The backward function must return the same number of items as the argument list of the forward function, not including ctx. More specifically, it must return 3 gradients of the loss w.r.t. to \({ Y }\), \({ in\_weight }\) and \({ in\_bias }\) (if specified, otherwise a \(None\)) respectively, plus a \(None\) for convparam that is just a tuple of parameters and does not require gradient.

Please see the source code for detailed implementation and it is quite self-explaining. In fact, it just applies the chain rule as discussed in the previous posts to compute gradients using 3-layers of nested loops in the same way as in the forward function.

5. The 2^nd Implementation of ConvTranspose2d

The 2nd version of implementation is based on the collection view and treats \({ ConvTranspose2d}\) as a routine convolution with flipped kernels, new parameters of stride and padding, and the rearranged input matrices (with zeros inserted between rows and columns for fractional stride). To utilize our custom implementation of \({ Conv2d }\) from the last post, we simply define this version of \({ ConvTranspose2d}\) as a function instead of subclassing \(torch\).\(autograd\).\(Function\), and therefore there is no need to explicitly override the forward and backward functions. The interface of the function is

	
def MyConvTranspose2d_v2_Collect(Y, in_weight, in_bias=None, convparam=None)

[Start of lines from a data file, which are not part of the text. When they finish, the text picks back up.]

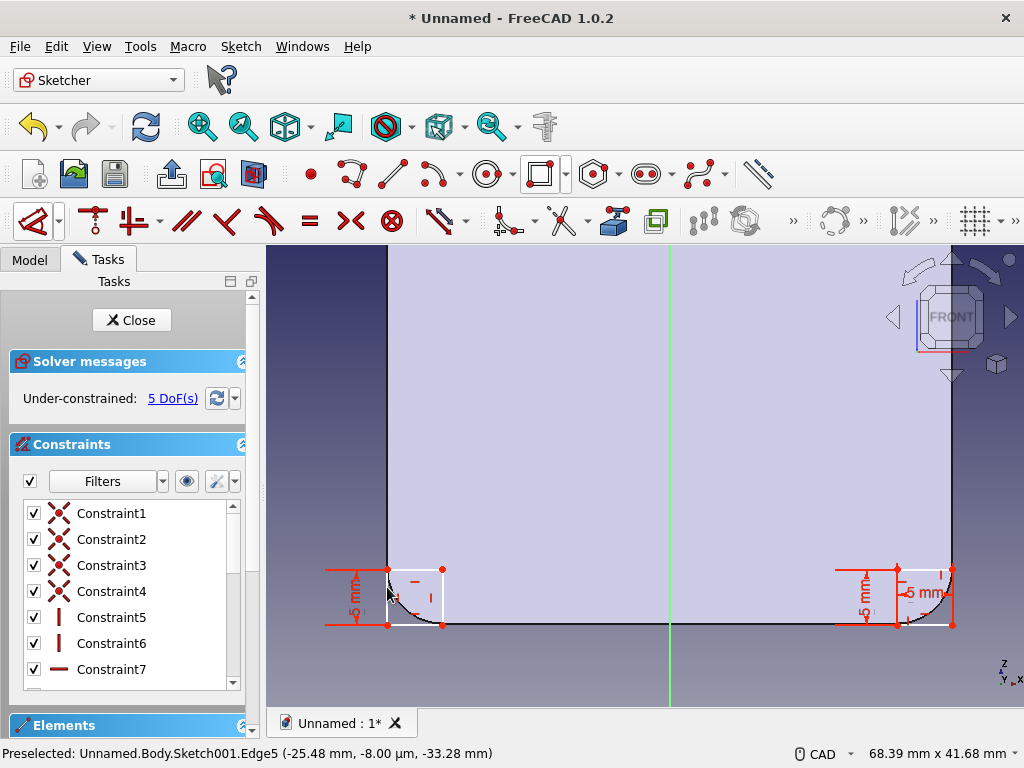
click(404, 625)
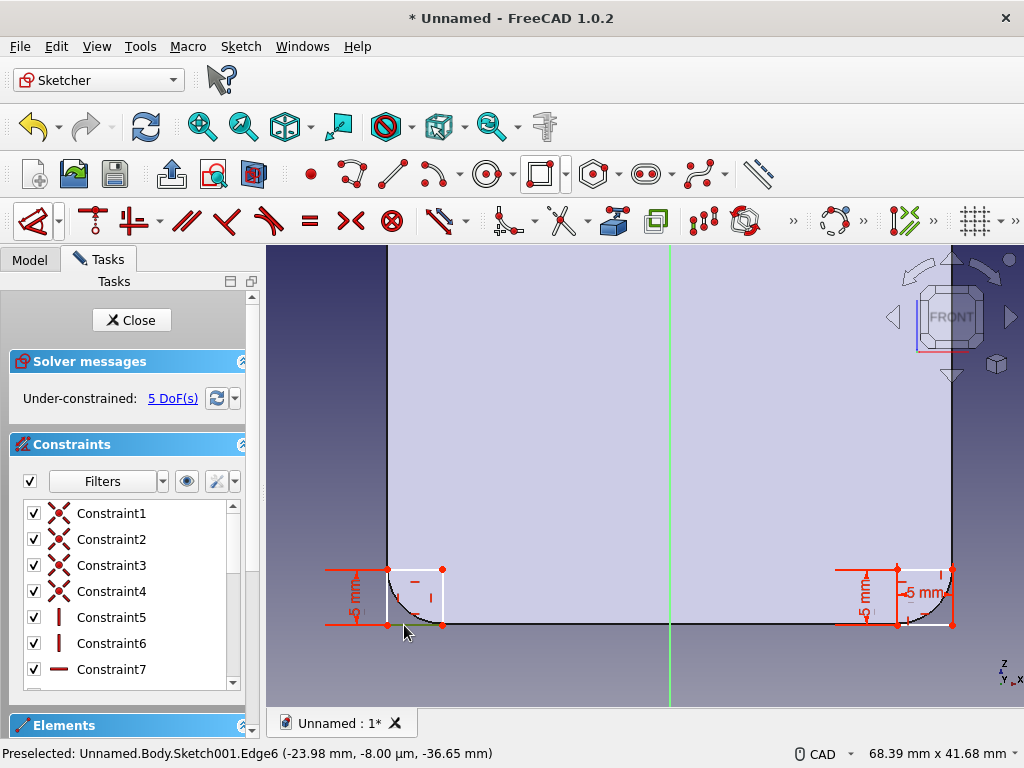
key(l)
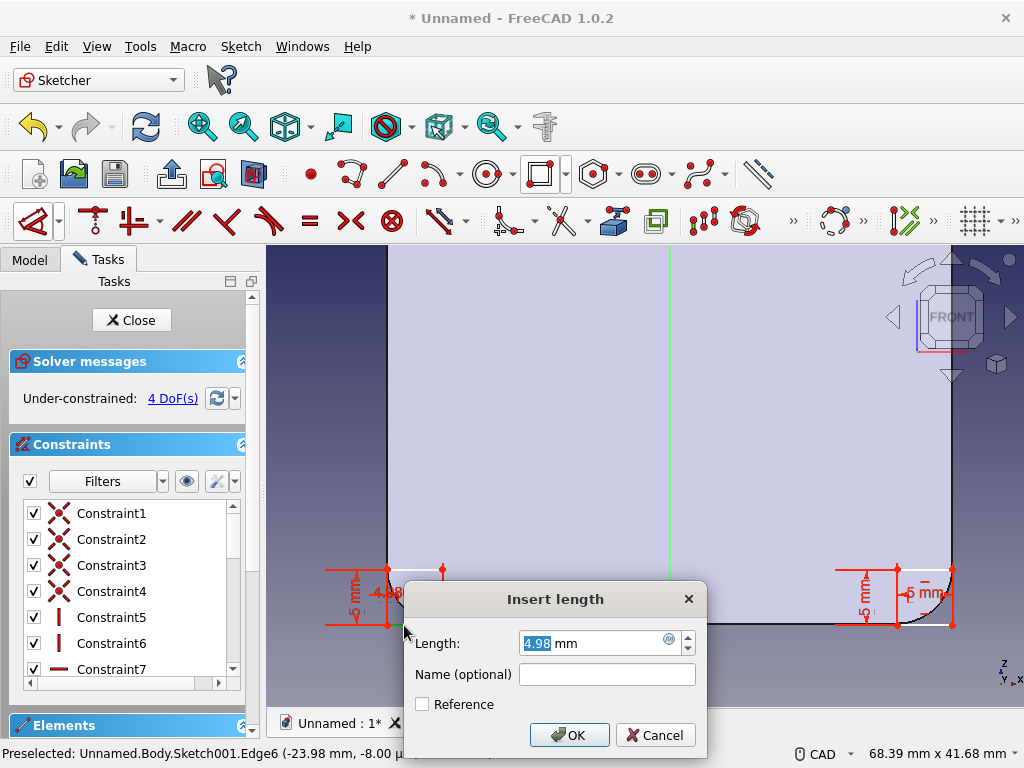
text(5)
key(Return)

where the arguments \({ Y }\), \({ in\_weight }\), \({ in\_bias }\) and \(convparam\) have the same definition as the 1^st implementation.

Please see the complete source code of this implementation on GitHub (my_convTranspose2d_v2_collect_view.py). It’s self-explaining and straight-forward.

6. Validation against PyTorch Built-ins

Both implementations of transposed convolution are tested against the Torch built-in implementation. The test code can be found here. Results show that both implementations produced the same results as the Torch built-ins, including the output of transposed convolution and the gradients of loss w.r.t. the input, kernel and bias.

7. Summary

In this post, we discussed the fundamentals of transposed convolution for neural networks and demonstrated 2 different ways (distribution view and collection view) to implement it. While we just used \({ ConvTranspose2d}\) as the example, all ideas can be extended to \({ ConvTranspose1d}\) and \({ ConvTranspose3d}\). In next post, we will talk about various optimizers for neural networks.

8. References

[1] Will Badr (2019) Auto-Encoder: What Is It? And What Is It Used For?
[2] ConvTranspose2d - PyTorch documentation.